February 1939 Whitey Fuller '37
Sports
Big Green Teams
February 1939 Whitey Fuller '37

Basketball Team Downs Penn, Hockey Six Upsets Yale, As Both Open Defense of Eastern League Crowns

THERE IS NO moss on Ivy League basketball" sayeth a California sportswriter after the Big Green five had downed Stanford during the Christmas vacation much to the surprise of the Pacific coast court fans and to the great delight of Eastern basketball adherents

"Some day, perhaps, the Quadrangular League hockey teams will win more than their share of encounters against Toronto, McGill and Queens in the International Intercollegiate Ice Hockey League" sayeth Coach Ace Bailey after Toronto had met and defeated a stubborn Dartmouth six that had on the previous Saturday night forced Queens to a stiff 1-0 victory

"Half miler Johnny Woodruff and two miler Don Lash will appear on the Dartmouth indoor track on March 15" sayeth Coach Harry Hillman, "and both of them should set new all-time marks in their distances on the world's fastest indoor wooden saucer.". . . .

"I dropped in to see some of the fellows while the hockey team was at Rye during the Christmas holidays," sayeth John Welden '38, "and ended up in the locker room before, during, and after the game with Brown.

"I was very interested to see how Eddie Jeremiah worked, especially in view of his last year's record, aside from the fact that this is one of the major sports at Dartmouth during the winter season. It occurred to me that others of the alumni might be interested to learn something of what goes on behind the scenes at a Big Green hockey game. It was with this in mind that I wrote this sketch and send it to you.
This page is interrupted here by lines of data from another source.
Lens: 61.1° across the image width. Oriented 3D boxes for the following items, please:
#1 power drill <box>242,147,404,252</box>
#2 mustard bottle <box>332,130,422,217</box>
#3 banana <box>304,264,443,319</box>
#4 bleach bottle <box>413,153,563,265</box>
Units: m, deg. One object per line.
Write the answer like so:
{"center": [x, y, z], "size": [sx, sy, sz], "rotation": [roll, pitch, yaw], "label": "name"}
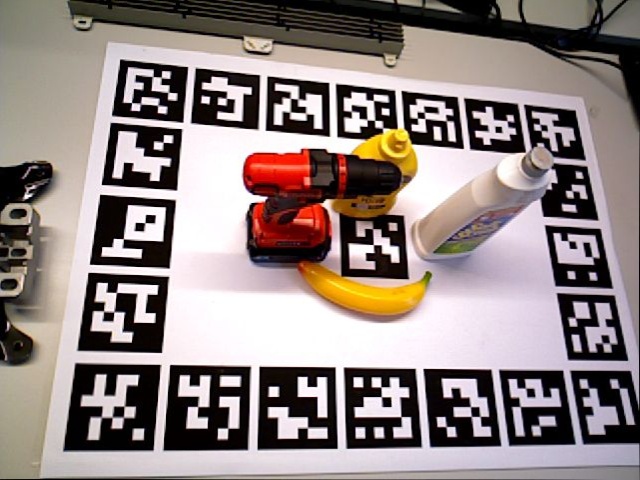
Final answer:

"I hope that you can use it in the ALUMNI MAGAZINE. If you do I might tell you that Eddie doesn't know I wrote it. I didn't know I was going to myself when I was at Rye:

BEHIND THE SCENES AT RYE WITH EDDIE JEREMIAH AND THE HOCKEY TEAM-

The present edition of Dartmouth hockey teams, which is currently blasting its opposition all over the Atlantic seaboard, is as spontaneous a bunch of athletes as it has ever been our pleasure to witness. Apparently Coach Jeremiah is just one of the gang. It is understood of course that he is the leader of the gang and takes upon himself such duties as planning strategy, directing play, and generally master-minding the various Indian attacks and defenses. He can and does apply the needle and his hypodermic injects a wealth o£ hockey knowledge and psychological fitness but he seldom forgets that his doctoring is just as effective if an anaesthetic is coincidental.
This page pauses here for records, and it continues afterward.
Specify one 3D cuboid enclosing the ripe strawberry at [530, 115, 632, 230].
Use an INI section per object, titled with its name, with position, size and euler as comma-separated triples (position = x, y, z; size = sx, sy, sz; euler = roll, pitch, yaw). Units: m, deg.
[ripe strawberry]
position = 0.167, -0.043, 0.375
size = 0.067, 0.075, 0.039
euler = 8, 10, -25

We sat in the Dartmouth locker room while this club was massacring all opposition at Rye and listened to his between the period talks. Jeremiah stood in the center of the room, coat open showing the first trace of a stomach which was as hard as rock when under the care of Jack Cannell. He gave forth, gently but firmly. "Now we look all right considering we haven't done any skating in the last two weeks. We've got to check back faster. Remember, you go down fast and come back faster! Watch this number two at left defense, on your right as you come down. Try to work a stick's length away from him because he's a good poke checker and is liable to poke that puck away from you before you know it. We look all right now and you're putting on a good show."

That's all for the group and the players laugh among themselves. They're a light hearted bunch of clowns, until they get on the ice. Freddy Maloon stands in the corner and tosses oranges to all who want them. Big Jim Feeley, the "fabulous invalid", sits quietly against the wall and admits that he let that wing get away from him but insists that that was no board check he got penalized for. He asks Jeremiah whether it was or not and we wait for the answer because we know that Jeremiah hadn't seen the play; couldn't have seen it from where he was because we were right beside him. He said, "I don't know, Jim. As a matter of fact, I didn't see the play. I heard it." And we were glad because we knew that kids know an honest coach from one who isn't and work their hearts out for him. Wesley "Mouse" Coding, keeper of the pipes, seems the most tired and stretches out flat on the floor using pads as a pillow. Danny Sullivan confides in Eddy that his trouble is passing and receiving behind himself while "Harpo" Walsh announces that he is waiting for the Middlebury game to start playing hockey. The wisecracks fly and then Jeremiah breaks in again.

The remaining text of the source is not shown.